OK. That’s very suspicious. He’s retired but he still wants work. Some guy gets in touch with him after seeing his infomercial work with a get-in-on-the-ground-floor proposition. I can hear the elevator pitch in my head as some guy tries to sell Downs on the idea of using his fame and reputation to sell charities on very highly produced documentaries about their causes. They can then buy time and broadcast the documentaries on major network for one low fee. You can see how charities would love to get this kind of exposure and professional video work done for them, especially with the super famous and sufficiently vanilla Hugh Downs as a backer.

It’s leaning toward a total scam but vague enough that I’m still not sure. Nobody wants to tell his boss not to take a phone call when the potential upside is huge if it’s legit. I go to my secondary source and most reliable resource, Twitter.

@obilon: Anyone ever hear of "Heroes of Hope" hosted by Hugh Downs? What is this about? I can't tell if it's legit or not? Anyone? Thx.

Immediately I got two very good responses:

@bonnerj: I'm not familiar with Heroes of Hope, but it sounds like "pay for play." I'd stay away. More here: http://bit.ly/RaKhi

@angelb123: If it's similiar to group that approached me once (program also hosted by Hugh Downs), then not legit. Will ask you for tons of $.

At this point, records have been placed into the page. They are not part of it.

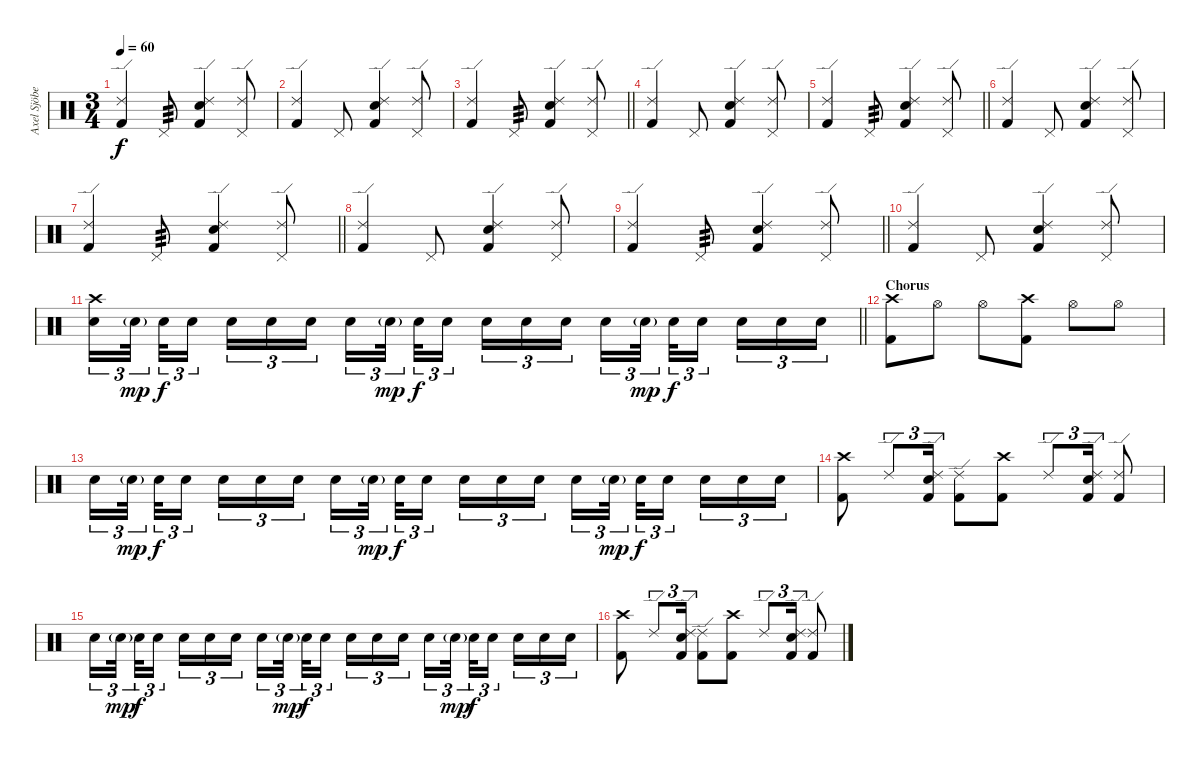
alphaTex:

\track ("Axel Sjöberg " "Axel Sjöbe") {instrument percussion}
\staff {score}
\articulation defaults
\ts (3 4)
\tempo 60
\clef neutral
\ks c
("Kick (hit) 2" "Ride (edge) 2").4{dy f} "Pedal Hi-Hat (hit)".8{tp 3} ("Kick (hit) 2" "Snare (hit) 2" "Ride (edge) 2").4 ("Ride (edge) 2" "Pedal Hi-Hat (hit)").8 |
("Kick (hit) 2" "Ride (edge) 2").4 "Pedal Hi-Hat (hit)".8 ("Kick (hit) 2" "Snare (hit) 2" "Ride (edge) 2").4 ("Ride (edge) 2" "Pedal Hi-Hat (hit)").8 |
\barLineRight lightlight
("Kick (hit) 2" "Ride (edge) 2").4 "Pedal Hi-Hat (hit)".8{tp 3} ("Kick (hit) 2" "Snare (hit) 2" "Ride (edge) 2").4 ("Ride (edge) 2" "Pedal Hi-Hat (hit)").8 |
("Kick (hit) 2" "Ride (edge) 2").4 "Pedal Hi-Hat (hit)".8 ("Kick (hit) 2" "Snare (hit) 2" "Ride (edge) 2").4 ("Ride (edge) 2" "Pedal Hi-Hat (hit)").8 |
\barLineRight lightlight
("Kick (hit) 2" "Ride (edge) 2").4 "Pedal Hi-Hat (hit)".8{tp 3} ("Kick (hit) 2" "Snare (hit) 2" "Ride (edge) 2").4 ("Ride (edge) 2" "Pedal Hi-Hat (hit)").8 |
("Kick (hit) 2" "Ride (edge) 2").4 "Pedal Hi-Hat (hit)".8 ("Kick (hit) 2" "Snare (hit) 2" "Ride (edge) 2").4 ("Ride (edge) 2" "Pedal Hi-Hat (hit)").8 |
\barLineRight lightlight
("Kick (hit) 2" "Ride (edge) 2").4 "Pedal Hi-Hat (hit)".8{tp 3} ("Kick (hit) 2" "Snare (hit) 2" "Ride (edge) 2").4 ("Ride (edge) 2" "Pedal Hi-Hat (hit)").8 |
("Kick (hit) 2" "Ride (edge) 2").4 "Pedal Hi-Hat (hit)".8 ("Kick (hit) 2" "Snare (hit) 2" "Ride (edge) 2").4 ("Ride (edge) 2" "Pedal Hi-Hat (hit)").8 |
\barLineRight lightlight
("Kick (hit) 2" "Ride (edge) 2").4 "Pedal Hi-Hat (hit)".8{tp 3} ("Kick (hit) 2" "Snare (hit) 2" "Ride (edge) 2").4 ("Ride (edge) 2" "Pedal Hi-Hat (hit)").8 |
("Kick (hit) 2" "Ride (edge) 2").4 "Pedal Hi-Hat (hit)".8 ("Kick (hit) 2" "Snare (hit) 2" "Ride (edge) 2").4 ("Ride (edge) 2" "Pedal Hi-Hat (hit)").8 |
\barLineRight lightlight
("Snare (hit) 2" "Crash high (hit)").16{tu (3 2)} "Snare (hit) 2"{g}.32{tu (3 2) dy mp beam splitsecondary} "Snare (hit) 2".32{tu (3 2) dy f} "Snare (hit) 2".16{tu (3 2) beam splitsecondary} "Snare (hit) 2".16{tu (3 2)} "Snare (hit) 2".16{tu (3 2)} "Snare (hit) 2".16{tu (3 2)} "Snare (hit) 2".16{tu (3 2)} "Snare (hit) 2"{g}.32{tu (3 2) dy mp beam splitsecondary} "Snare (hit) 2".32{tu (3 2) dy f} "Snare (hit) 2".16{tu (3 2) beam splitsecondary} "Snare (hit) 2".16{tu (3 2)} "Snare (hit) 2".16{tu (3 2)} "Snare (hit) 2".16{tu (3 2)} "Snare (hit) 2".16{tu (3 2)} "Snare (hit) 2"{g}.32{tu (3 2) dy mp beam splitsecondary} "Snare (hit) 2".32{tu (3 2) dy f} "Snare (hit) 2".16{tu (3 2) beam splitsecondary} "Snare (hit) 2".16{tu (3 2)} "Snare (hit) 2".16{tu (3 2)} "Snare (hit) 2".16{tu (3 2)} |
\section ("" "Chorus")
("Kick (hit) 2" "Crash high (hit)").8 "Hi-Hat (open)".8 "Hi-Hat (open)".8 ("Kick (hit) 2" "Crash high (hit)").8 "Hi-Hat (open)".8 "Hi-Hat (open)".8 |
"Snare (hit) 2".16{tu (3 2)} "Snare (hit) 2"{g}.32{tu (3 2) dy mp beam splitsecondary} "Snare (hit) 2".32{tu (3 2) dy f} "Snare (hit) 2".16{tu (3 2) beam splitsecondary} "Snare (hit) 2".16{tu (3 2)} "Snare (hit) 2".16{tu (3 2)} "Snare (hit) 2".16{tu (3 2)} "Snare (hit) 2".16{tu (3 2)} "Snare (hit) 2"{g}.32{tu (3 2) dy mp beam splitsecondary} "Snare (hit) 2".32{tu (3 2) dy f} "Snare (hit) 2".16{tu (3 2) beam splitsecondary} "Snare (hit) 2".16{tu (3 2)} "Snare (hit) 2".16{tu (3 2)} "Snare (hit) 2".16{tu (3 2)} "Snare (hit) 2".16{tu (3 2)} "Snare (hit) 2"{g}.32{tu (3 2) dy mp beam splitsecondary} "Snare (hit) 2".32{tu (3 2) dy f} "Snare (hit) 2".16{tu (3 2) beam splitsecondary} "Snare (hit) 2".16{tu (3 2)} "Snare (hit) 2".16{tu (3 2)} "Snare (hit) 2".16{tu (3 2)} |
("Kick (hit) 2" "Crash high (hit)").8 "Ride (edge) 2".8{tu (3 2)} ("Kick (hit) 2" "Snare (hit) 2" "Ride (edge) 2").16{tu (3 2)} ("Kick (hit) 2" "Ride (edge) 2").8 ("Kick (hit) 2" "Crash high (hit)").8 "Ride (edge) 2".8{tu (3 2)} ("Kick (hit) 2" "Snare (hit) 2" "Ride (edge) 2").16{tu (3 2)} ("Kick (hit) 2" "Ride (edge) 2").8 |
"Snare (hit) 2".16{tu (3 2)} "Snare (hit) 2"{g}.32{tu (3 2) dy mp beam splitsecondary} "Snare (hit) 2".32{tu (3 2) dy f} "Snare (hit) 2".16{tu (3 2) beam splitsecondary} "Snare (hit) 2".16{tu (3 2)} "Snare (hit) 2".16{tu (3 2)} "Snare (hit) 2".16{tu (3 2)} "Snare (hit) 2".16{tu (3 2)} "Snare (hit) 2"{g}.32{tu (3 2) dy mp beam splitsecondary} "Snare (hit) 2".32{tu (3 2) dy f} "Snare (hit) 2".16{tu (3 2) beam splitsecondary} "Snare (hit) 2".16{tu (3 2)} "Snare (hit) 2".16{tu (3 2)} "Snare (hit) 2".16{tu (3 2)} "Snare (hit) 2".16{tu (3 2)} "Snare (hit) 2"{g}.32{tu (3 2) dy mp beam splitsecondary} "Snare (hit) 2".32{tu (3 2) dy f} "Snare (hit) 2".16{tu (3 2) beam splitsecondary} "Snare (hit) 2".16{tu (3 2)} "Snare (hit) 2".16{tu (3 2)} "Snare (hit) 2".16{tu (3 2)} |
("Kick (hit) 2" "Crash high (hit)").8 "Ride (edge) 2".8{tu (3 2)} ("Kick (hit) 2" "Snare (hit) 2" "Ride (edge) 2").16{tu (3 2)} ("Kick (hit) 2" "Ride (edge) 2").8 ("Kick (hit) 2" "Crash high (hit)").8 "Ride (edge) 2".8{tu (3 2)} ("Kick (hit) 2" "Snare (hit) 2" "Ride (edge) 2").16{tu (3 2)} ("Kick (hit) 2" "Ride (edge) 2").8
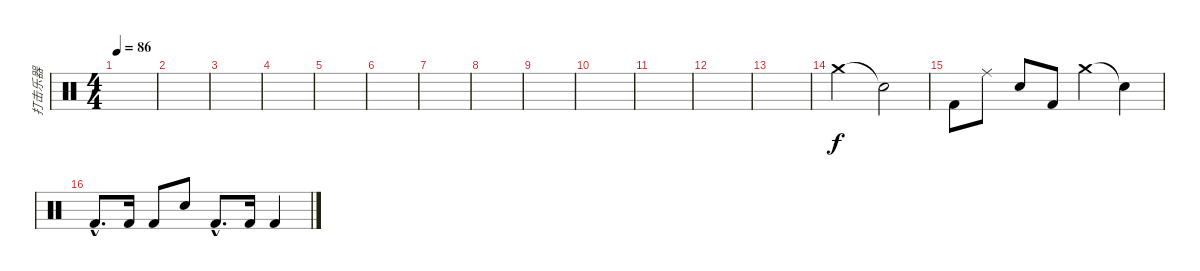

@angelb123: NYT article about the operation here: http://tinyurl.com/cq2ev8 Be very careful.

The two articles revealed to me without a doubt that this was a scam operation.

Now, selling a charity the ability to produce a documentary about their cause is not in and of itself a scam. There are many, may production companies out there that will do a high quality job of filming a story about your organization for a variety of uses, including for your website, presentations and mailers to potential donors and many other venues. It’s a legitimate business, I’m sure.

But the way “Heroes of Hope” was first presented to my organization and how the production company’s website positions itself as a legitimate media source rather than a pay service is blatant enough that I’m calling BS here. The phone call I received was vague and misleading. I first thought that I was being contacted by a legitimate production company for a news organization.

1 comment:

Unknown said...

unbelievably, they attempted to scam our lung cancer research charity this morning.....such lows people will take. scan a charity, really? he told my CEO "in 13 years, i have not met a person as passionate as you."